Task details: Skip all pictures, then copy the lines from the start of the data through the line with "text Dat was", keeping both ends.
+ + + +
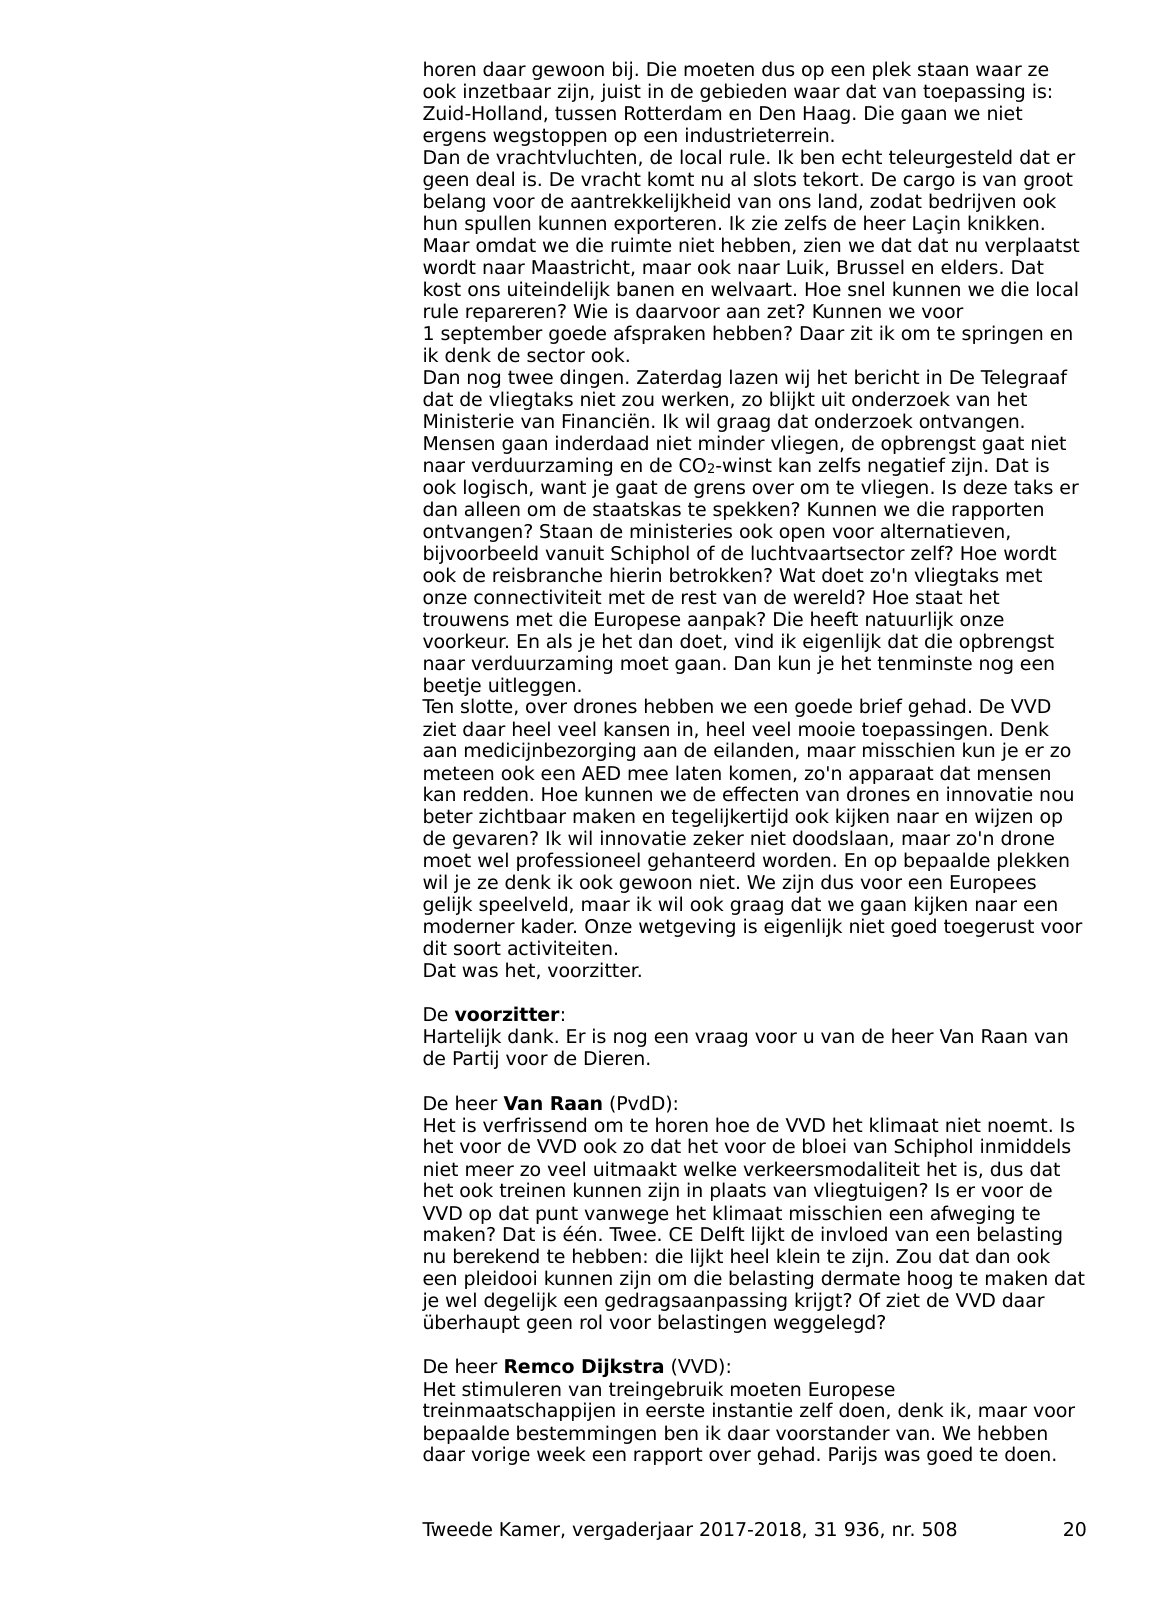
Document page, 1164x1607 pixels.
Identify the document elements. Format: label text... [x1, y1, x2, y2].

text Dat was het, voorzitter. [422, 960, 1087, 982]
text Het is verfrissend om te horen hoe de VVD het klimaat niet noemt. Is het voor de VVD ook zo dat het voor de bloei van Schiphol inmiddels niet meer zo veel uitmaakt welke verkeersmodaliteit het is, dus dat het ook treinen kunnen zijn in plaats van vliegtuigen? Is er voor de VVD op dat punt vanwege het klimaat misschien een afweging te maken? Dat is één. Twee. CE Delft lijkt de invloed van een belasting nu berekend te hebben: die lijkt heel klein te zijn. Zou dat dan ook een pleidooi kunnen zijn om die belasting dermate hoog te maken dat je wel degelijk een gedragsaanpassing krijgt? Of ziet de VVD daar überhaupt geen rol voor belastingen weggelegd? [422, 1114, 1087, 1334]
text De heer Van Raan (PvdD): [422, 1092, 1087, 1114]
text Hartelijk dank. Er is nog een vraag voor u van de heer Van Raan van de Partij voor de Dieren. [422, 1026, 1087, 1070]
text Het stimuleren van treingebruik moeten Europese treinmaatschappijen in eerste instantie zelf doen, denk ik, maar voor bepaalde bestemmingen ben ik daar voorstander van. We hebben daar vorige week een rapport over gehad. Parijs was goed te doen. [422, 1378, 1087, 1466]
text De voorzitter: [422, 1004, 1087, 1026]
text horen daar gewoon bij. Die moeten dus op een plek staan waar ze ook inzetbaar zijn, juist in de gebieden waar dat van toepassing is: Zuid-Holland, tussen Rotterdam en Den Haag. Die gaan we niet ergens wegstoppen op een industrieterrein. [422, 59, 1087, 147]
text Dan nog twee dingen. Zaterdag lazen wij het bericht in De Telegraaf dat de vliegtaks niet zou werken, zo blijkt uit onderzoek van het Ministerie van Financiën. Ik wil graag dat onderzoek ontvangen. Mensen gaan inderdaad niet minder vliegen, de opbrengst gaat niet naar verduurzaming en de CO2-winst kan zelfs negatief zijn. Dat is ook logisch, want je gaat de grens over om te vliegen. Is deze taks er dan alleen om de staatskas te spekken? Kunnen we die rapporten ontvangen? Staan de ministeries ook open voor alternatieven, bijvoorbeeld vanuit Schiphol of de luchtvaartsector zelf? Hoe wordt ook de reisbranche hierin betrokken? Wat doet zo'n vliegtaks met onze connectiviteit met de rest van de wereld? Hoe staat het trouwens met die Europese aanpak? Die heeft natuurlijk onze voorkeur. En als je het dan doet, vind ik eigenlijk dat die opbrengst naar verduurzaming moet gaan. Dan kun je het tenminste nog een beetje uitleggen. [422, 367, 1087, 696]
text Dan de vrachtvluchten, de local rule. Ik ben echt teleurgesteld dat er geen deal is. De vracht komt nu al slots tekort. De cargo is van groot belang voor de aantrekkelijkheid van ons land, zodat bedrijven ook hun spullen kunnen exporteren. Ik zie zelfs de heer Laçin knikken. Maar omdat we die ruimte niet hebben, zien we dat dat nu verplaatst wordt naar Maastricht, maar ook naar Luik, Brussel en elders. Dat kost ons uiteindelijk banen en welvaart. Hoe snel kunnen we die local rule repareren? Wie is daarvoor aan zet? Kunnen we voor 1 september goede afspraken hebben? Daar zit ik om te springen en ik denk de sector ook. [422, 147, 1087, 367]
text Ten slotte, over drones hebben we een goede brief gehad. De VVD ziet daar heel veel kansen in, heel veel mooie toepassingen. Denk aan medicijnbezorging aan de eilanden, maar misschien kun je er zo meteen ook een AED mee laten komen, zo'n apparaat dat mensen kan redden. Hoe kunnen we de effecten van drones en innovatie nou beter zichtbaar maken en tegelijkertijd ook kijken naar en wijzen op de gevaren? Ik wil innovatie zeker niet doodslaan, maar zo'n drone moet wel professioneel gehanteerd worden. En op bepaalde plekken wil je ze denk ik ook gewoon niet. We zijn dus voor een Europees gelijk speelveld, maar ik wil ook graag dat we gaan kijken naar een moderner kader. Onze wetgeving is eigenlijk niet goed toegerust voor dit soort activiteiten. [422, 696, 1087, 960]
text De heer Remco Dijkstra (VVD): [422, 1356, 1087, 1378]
+ + + +
Written reply:
Document page, 1164x1607 pixels.
Identify the document elements. Format: label text... [x1, y1, x2, y2].

text Dat was het, voorzitter. [422, 960, 1087, 982]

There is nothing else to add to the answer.